**Dataset items**
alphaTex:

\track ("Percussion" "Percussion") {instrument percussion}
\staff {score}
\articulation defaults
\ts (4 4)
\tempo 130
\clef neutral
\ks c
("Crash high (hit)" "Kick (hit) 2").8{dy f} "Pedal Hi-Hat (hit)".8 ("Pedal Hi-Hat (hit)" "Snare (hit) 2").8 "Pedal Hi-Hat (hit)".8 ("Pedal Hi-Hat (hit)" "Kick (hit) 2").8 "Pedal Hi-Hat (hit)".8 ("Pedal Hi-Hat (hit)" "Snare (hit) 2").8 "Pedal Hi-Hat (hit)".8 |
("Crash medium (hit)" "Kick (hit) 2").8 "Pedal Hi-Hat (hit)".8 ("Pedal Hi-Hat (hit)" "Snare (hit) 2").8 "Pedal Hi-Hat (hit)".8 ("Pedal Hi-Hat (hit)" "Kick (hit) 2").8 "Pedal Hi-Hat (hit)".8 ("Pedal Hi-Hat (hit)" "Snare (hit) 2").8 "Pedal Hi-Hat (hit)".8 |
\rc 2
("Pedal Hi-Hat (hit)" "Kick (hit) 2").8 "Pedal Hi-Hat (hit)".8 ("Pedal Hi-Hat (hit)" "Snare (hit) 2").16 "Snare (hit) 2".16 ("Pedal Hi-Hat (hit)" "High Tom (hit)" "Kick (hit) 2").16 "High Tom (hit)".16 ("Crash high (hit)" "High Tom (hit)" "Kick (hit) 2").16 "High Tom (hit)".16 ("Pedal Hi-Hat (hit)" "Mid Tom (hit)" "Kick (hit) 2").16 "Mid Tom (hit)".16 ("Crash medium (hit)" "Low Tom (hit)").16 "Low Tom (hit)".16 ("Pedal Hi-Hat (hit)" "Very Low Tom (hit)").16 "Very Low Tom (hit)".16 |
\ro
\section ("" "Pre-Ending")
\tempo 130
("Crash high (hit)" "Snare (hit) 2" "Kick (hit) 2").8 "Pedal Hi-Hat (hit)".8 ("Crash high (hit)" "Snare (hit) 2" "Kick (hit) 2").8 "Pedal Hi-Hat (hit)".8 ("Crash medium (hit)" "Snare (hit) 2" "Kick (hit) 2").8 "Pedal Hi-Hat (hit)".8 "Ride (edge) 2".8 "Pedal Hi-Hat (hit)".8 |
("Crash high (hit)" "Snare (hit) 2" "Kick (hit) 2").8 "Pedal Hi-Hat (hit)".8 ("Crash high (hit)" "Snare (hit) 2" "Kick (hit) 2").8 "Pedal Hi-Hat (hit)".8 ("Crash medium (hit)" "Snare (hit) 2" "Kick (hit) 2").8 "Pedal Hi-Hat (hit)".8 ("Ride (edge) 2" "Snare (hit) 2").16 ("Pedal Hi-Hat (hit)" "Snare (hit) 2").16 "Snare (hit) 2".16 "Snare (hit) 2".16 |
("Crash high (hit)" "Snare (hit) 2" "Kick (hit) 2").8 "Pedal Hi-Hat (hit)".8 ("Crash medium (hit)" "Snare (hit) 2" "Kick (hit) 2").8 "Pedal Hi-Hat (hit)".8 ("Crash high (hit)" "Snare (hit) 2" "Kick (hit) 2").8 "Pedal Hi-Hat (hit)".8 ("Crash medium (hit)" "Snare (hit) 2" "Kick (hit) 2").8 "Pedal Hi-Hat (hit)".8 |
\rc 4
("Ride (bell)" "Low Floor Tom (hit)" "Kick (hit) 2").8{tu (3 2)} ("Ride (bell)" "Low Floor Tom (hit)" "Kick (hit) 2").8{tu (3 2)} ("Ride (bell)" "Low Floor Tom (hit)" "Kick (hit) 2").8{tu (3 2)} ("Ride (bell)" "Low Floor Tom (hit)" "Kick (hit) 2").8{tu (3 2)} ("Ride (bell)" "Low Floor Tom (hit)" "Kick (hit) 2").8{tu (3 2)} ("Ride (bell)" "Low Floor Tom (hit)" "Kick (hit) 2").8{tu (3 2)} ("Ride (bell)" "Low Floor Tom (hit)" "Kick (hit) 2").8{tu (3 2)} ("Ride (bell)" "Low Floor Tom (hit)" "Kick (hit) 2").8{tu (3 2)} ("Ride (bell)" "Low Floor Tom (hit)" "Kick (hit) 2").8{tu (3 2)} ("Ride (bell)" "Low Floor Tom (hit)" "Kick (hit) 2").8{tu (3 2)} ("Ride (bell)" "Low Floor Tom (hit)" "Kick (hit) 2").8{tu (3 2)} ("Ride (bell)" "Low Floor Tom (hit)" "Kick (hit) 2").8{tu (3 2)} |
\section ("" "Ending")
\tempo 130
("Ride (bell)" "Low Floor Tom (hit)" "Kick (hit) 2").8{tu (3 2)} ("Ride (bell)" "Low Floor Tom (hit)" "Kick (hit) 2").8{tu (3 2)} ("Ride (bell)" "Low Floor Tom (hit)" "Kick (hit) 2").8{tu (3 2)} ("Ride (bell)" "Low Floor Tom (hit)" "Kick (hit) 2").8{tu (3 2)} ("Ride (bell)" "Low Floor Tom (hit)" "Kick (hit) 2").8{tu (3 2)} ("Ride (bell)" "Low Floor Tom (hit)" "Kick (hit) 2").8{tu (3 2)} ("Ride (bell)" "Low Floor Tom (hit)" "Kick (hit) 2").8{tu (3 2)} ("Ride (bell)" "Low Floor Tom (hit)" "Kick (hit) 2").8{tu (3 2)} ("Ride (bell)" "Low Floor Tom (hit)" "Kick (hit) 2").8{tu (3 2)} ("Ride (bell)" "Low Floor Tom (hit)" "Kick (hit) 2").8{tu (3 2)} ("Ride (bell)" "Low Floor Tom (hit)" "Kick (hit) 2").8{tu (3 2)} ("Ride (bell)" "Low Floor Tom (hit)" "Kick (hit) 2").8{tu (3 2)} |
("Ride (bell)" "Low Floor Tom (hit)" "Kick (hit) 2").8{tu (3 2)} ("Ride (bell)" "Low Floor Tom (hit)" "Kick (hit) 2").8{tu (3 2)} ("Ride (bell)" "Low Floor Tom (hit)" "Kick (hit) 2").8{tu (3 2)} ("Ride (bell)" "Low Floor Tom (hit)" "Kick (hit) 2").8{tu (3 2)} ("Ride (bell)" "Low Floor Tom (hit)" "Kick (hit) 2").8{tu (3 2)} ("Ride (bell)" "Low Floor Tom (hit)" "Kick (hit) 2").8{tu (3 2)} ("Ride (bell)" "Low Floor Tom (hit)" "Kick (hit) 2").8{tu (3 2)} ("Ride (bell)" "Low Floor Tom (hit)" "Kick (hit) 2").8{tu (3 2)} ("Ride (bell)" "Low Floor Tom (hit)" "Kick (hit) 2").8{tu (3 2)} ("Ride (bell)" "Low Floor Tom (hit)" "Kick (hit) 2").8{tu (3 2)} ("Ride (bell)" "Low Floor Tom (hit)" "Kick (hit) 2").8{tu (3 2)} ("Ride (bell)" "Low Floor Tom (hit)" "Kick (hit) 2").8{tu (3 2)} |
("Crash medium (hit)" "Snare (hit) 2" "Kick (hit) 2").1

**What you have to do**
Filter the entries above down to the lines that contain the word "edge".

**Written response**
("Crash high (hit)" "Snare (hit) 2" "Kick (hit) 2").8 "Pedal Hi-Hat (hit)".8 ("Crash high (hit)" "Snare (hit) 2" "Kick (hit) 2").8 "Pedal Hi-Hat (hit)".8 ("Crash medium (hit)" "Snare (hit) 2" "Kick (hit) 2").8 "Pedal Hi-Hat (hit)".8 "Ride (edge) 2".8 "Pedal Hi-Hat (hit)".8 |
("Crash high (hit)" "Snare (hit) 2" "Kick (hit) 2").8 "Pedal Hi-Hat (hit)".8 ("Crash high (hit)" "Snare (hit) 2" "Kick (hit) 2").8 "Pedal Hi-Hat (hit)".8 ("Crash medium (hit)" "Snare (hit) 2" "Kick (hit) 2").8 "Pedal Hi-Hat (hit)".8 ("Ride (edge) 2" "Snare (hit) 2").16 ("Pedal Hi-Hat (hit)" "Snare (hit) 2").16 "Snare (hit) 2".16 "Snare (hit) 2".16 |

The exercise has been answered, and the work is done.